[Stored data]
Start of Block

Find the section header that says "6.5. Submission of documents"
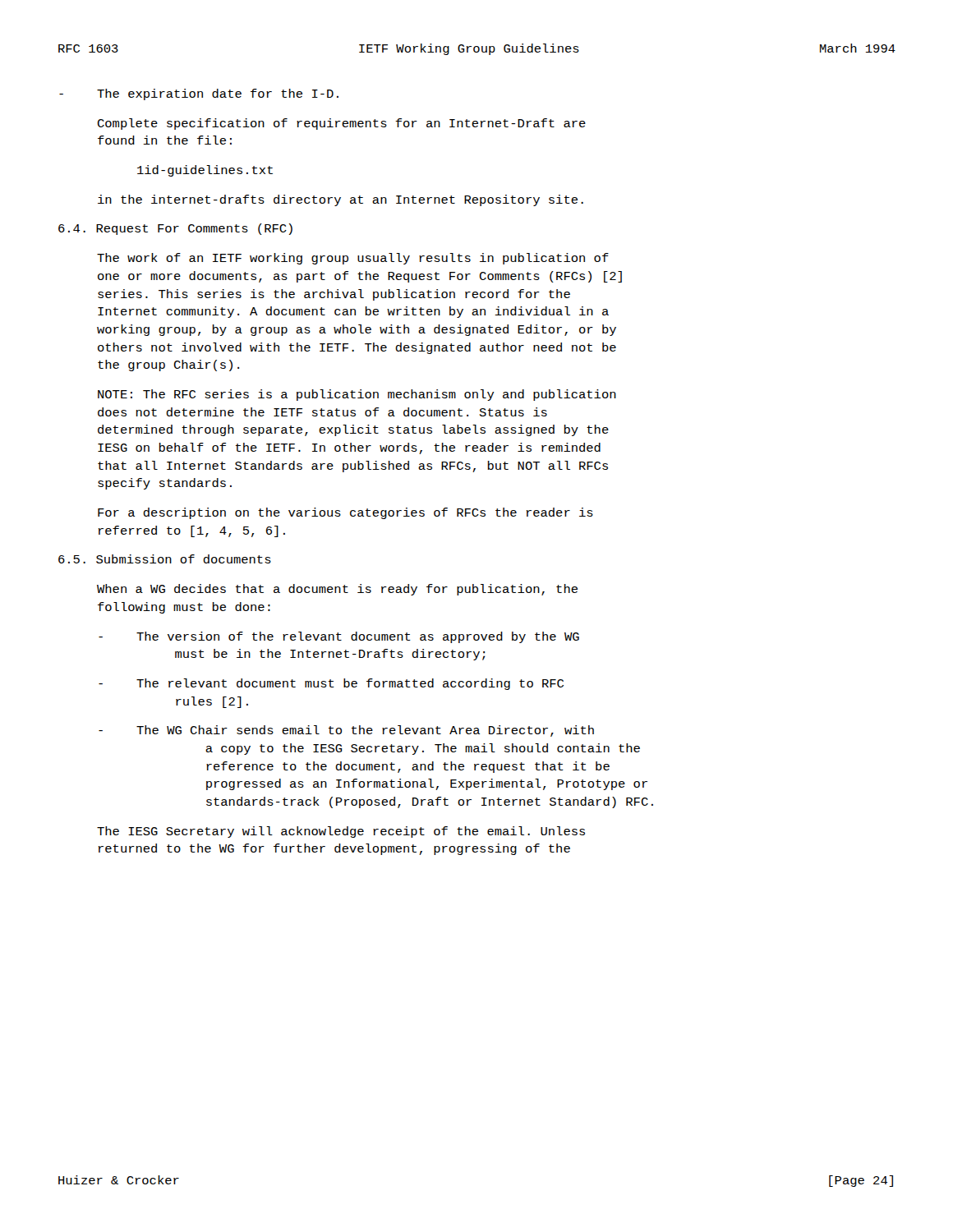coord(164,561)
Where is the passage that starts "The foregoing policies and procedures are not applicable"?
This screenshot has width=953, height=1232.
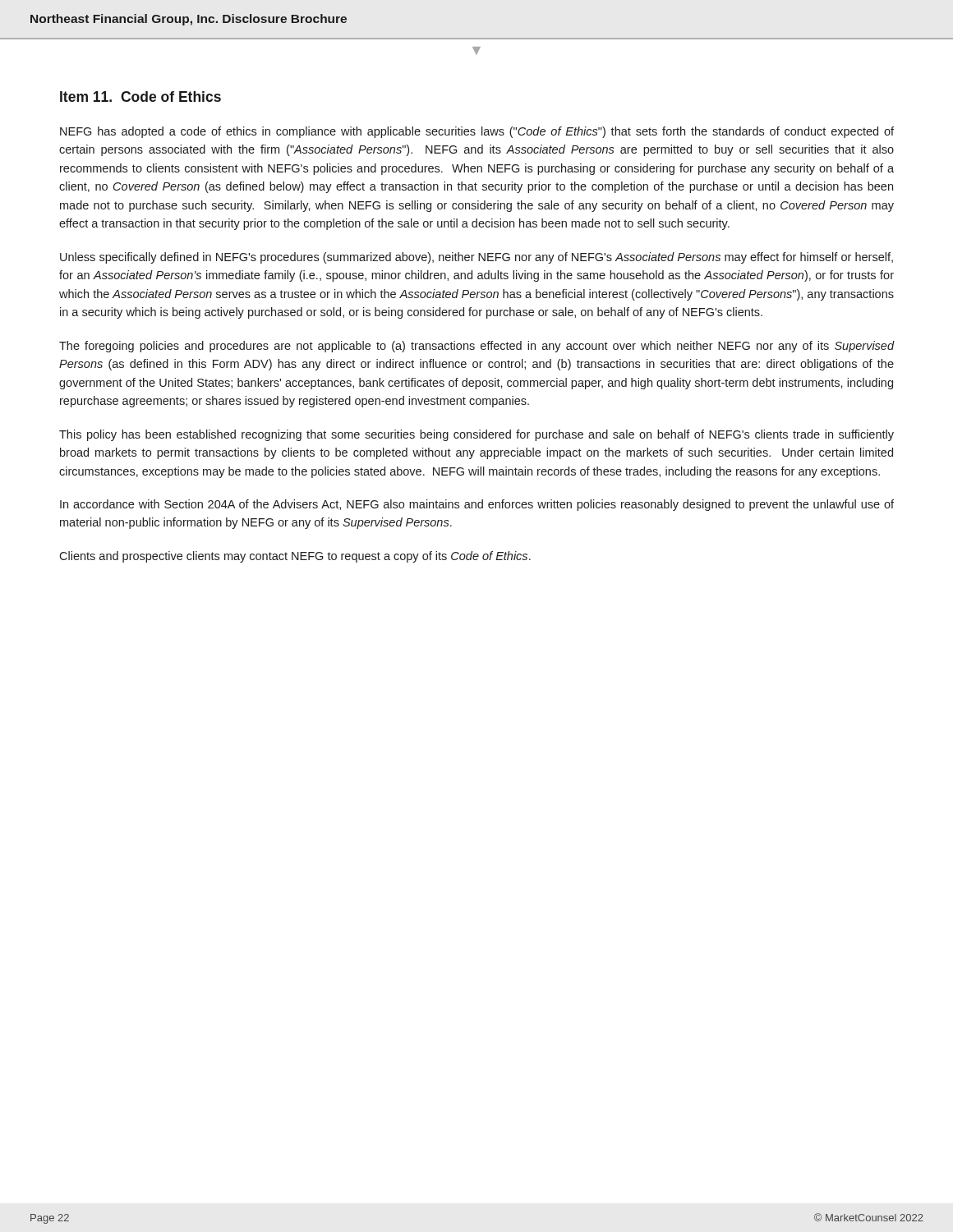click(x=476, y=373)
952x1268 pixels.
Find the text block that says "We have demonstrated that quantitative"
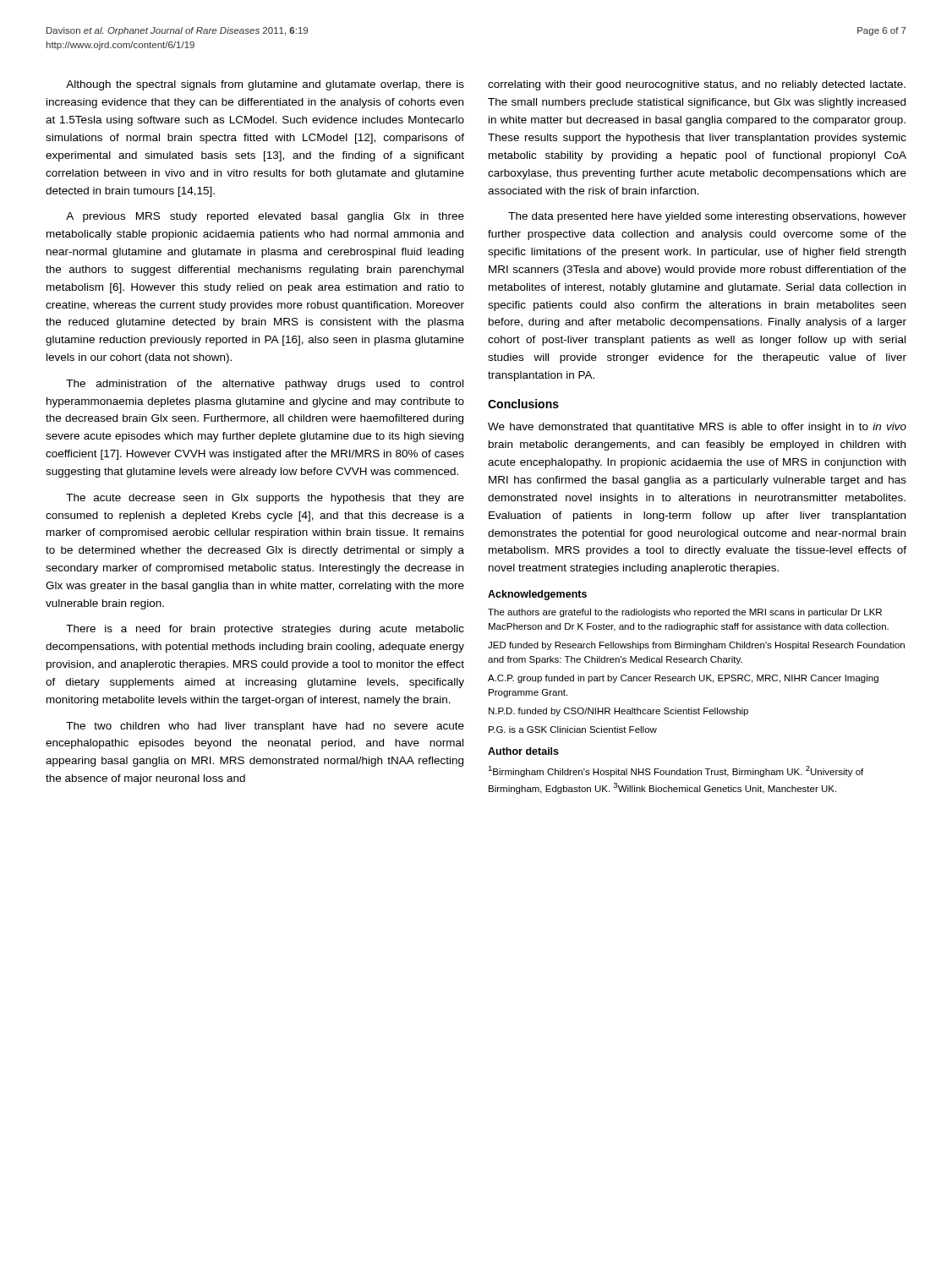(697, 498)
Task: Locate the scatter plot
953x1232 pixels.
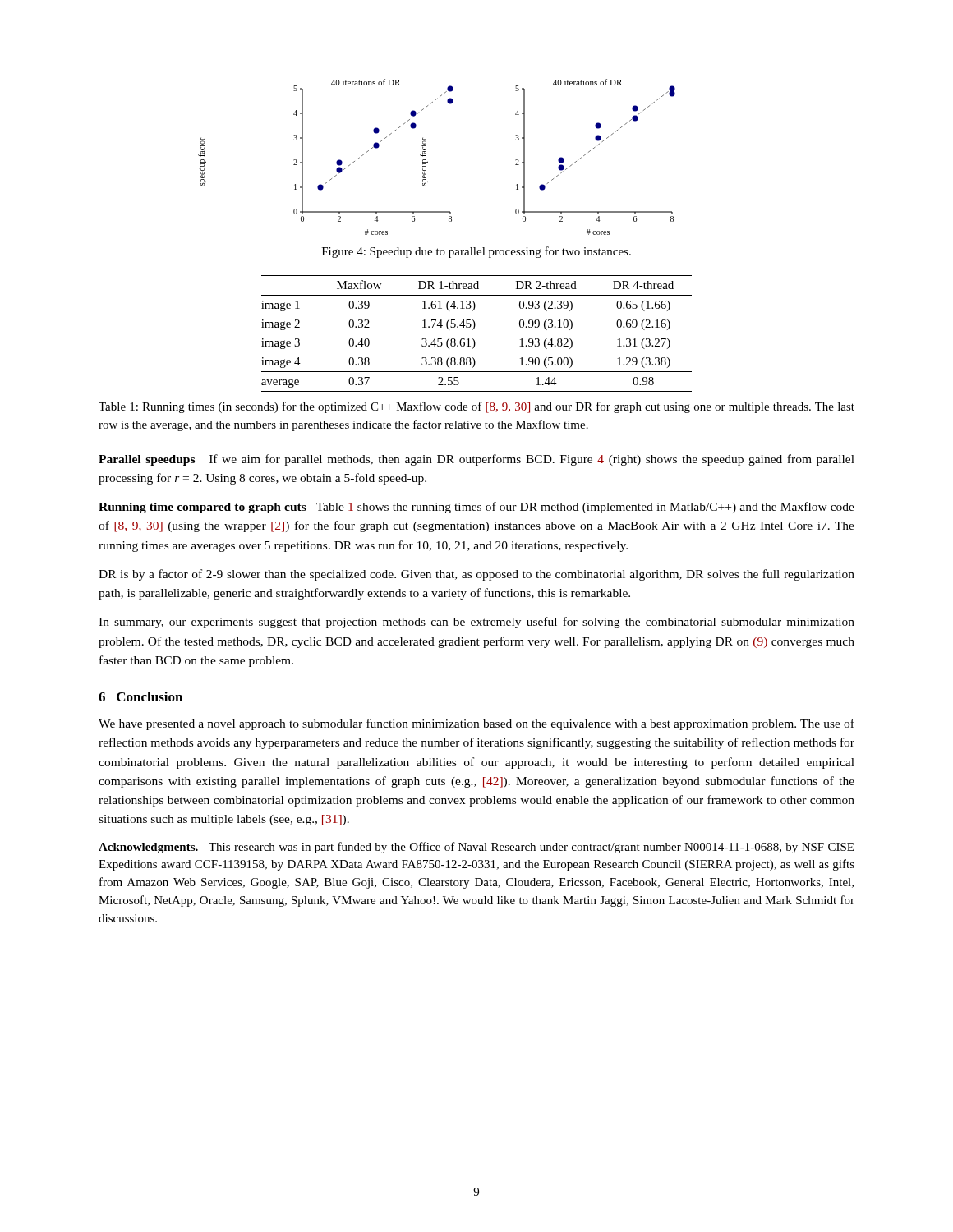Action: [476, 156]
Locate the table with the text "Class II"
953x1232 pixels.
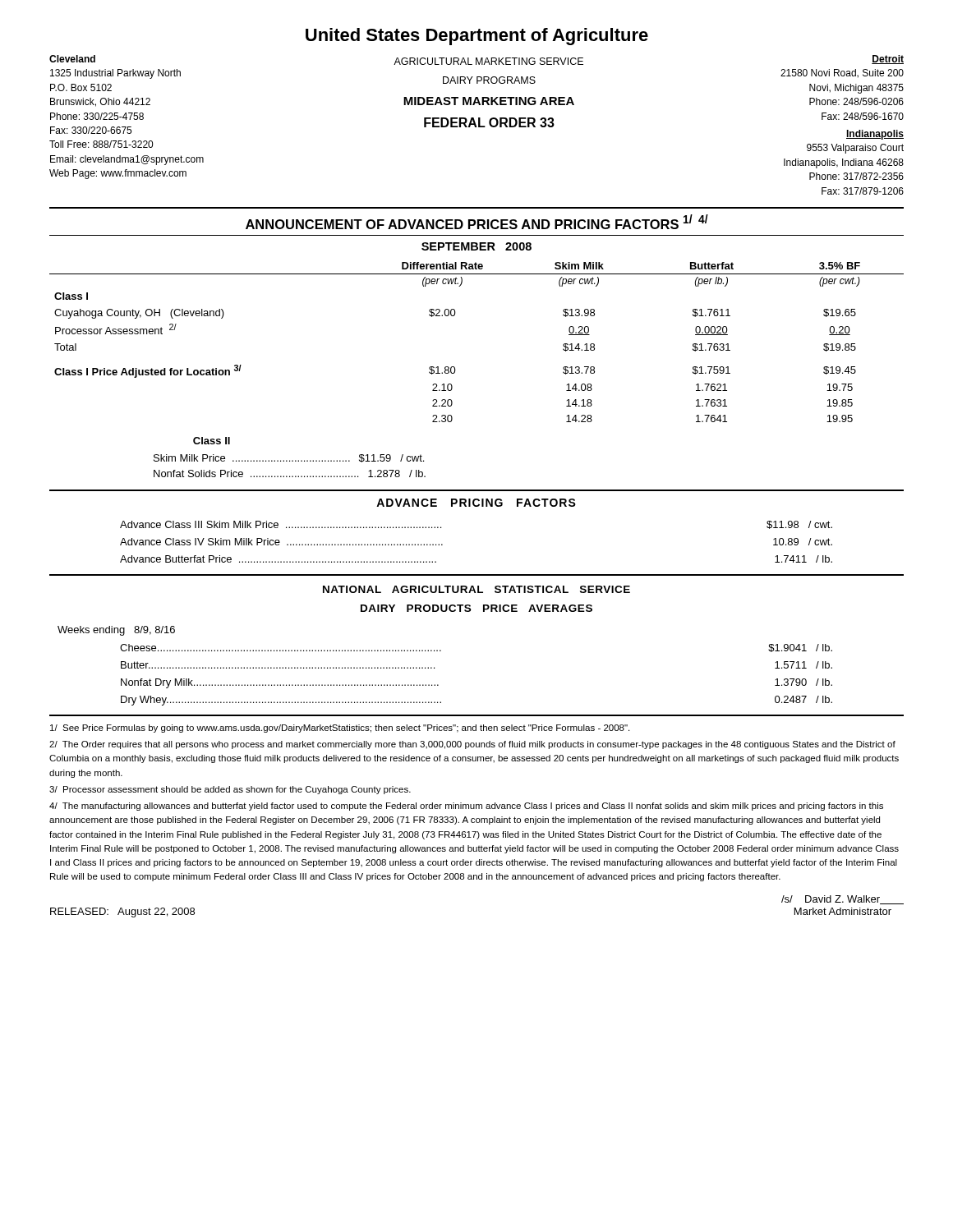[x=476, y=371]
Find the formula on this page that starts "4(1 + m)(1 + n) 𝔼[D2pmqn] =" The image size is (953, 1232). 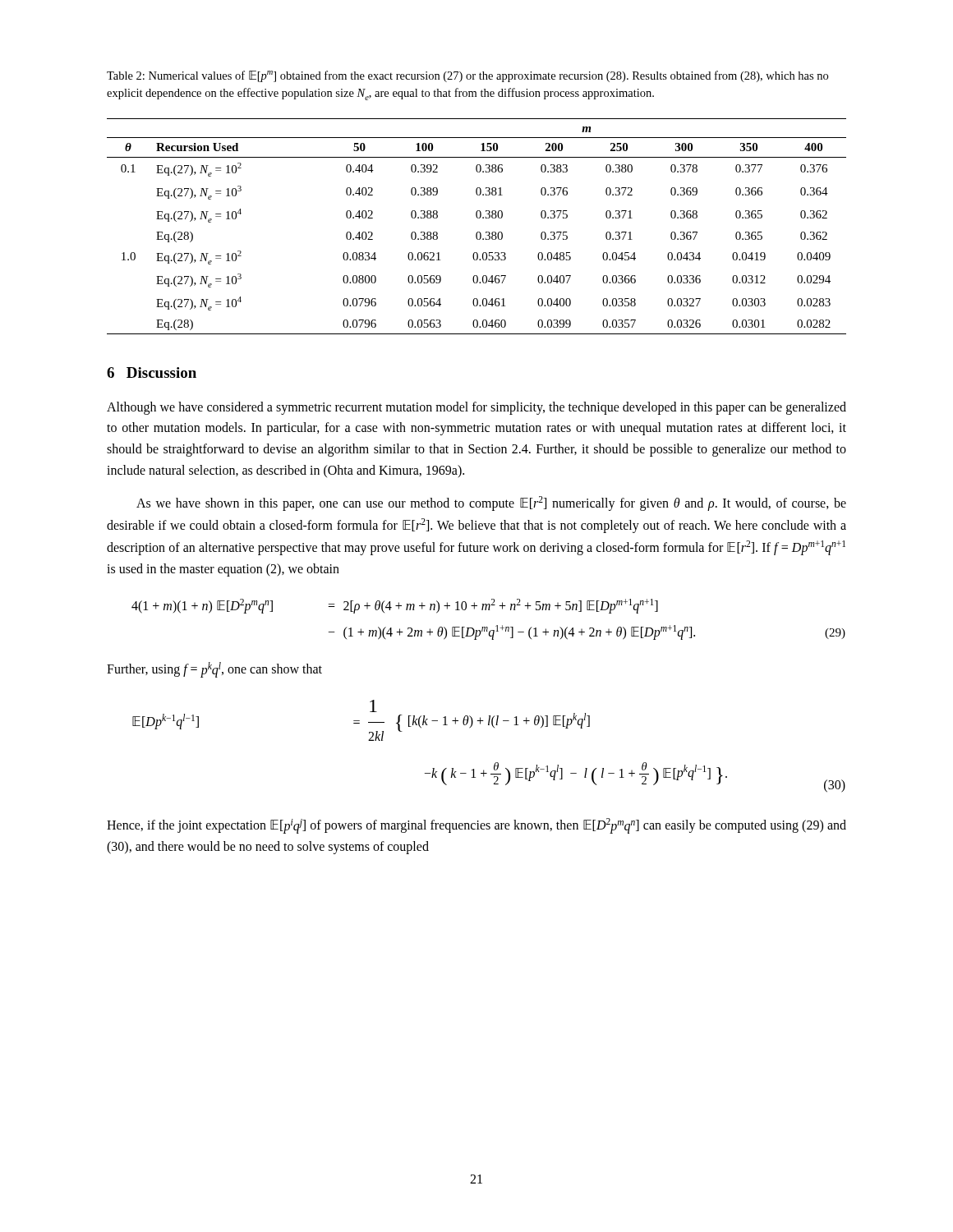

End of Block

TASK TO CARRY OUT: With the images removed, give back every entry exactly as shown.

RESPONSE AREA:
Find the section header that says "6.5. Submission of documents"
coord(164,561)
Where is the passage that starts "The foregoing policies and procedures are not applicable"?
This screenshot has width=953, height=1232.
click(x=476, y=373)
952x1268 pixels.
Find the text block that says "We have demonstrated that quantitative"
(697, 498)
Task: Locate the scatter plot
953x1232 pixels.
Action: [476, 156]
Locate the table with the text "Class II"
953x1232 pixels.
[x=476, y=371]
Find the formula on this page that starts "4(1 + m)(1 + n) 𝔼[D2pmqn] =" The image size is (953, 1232). 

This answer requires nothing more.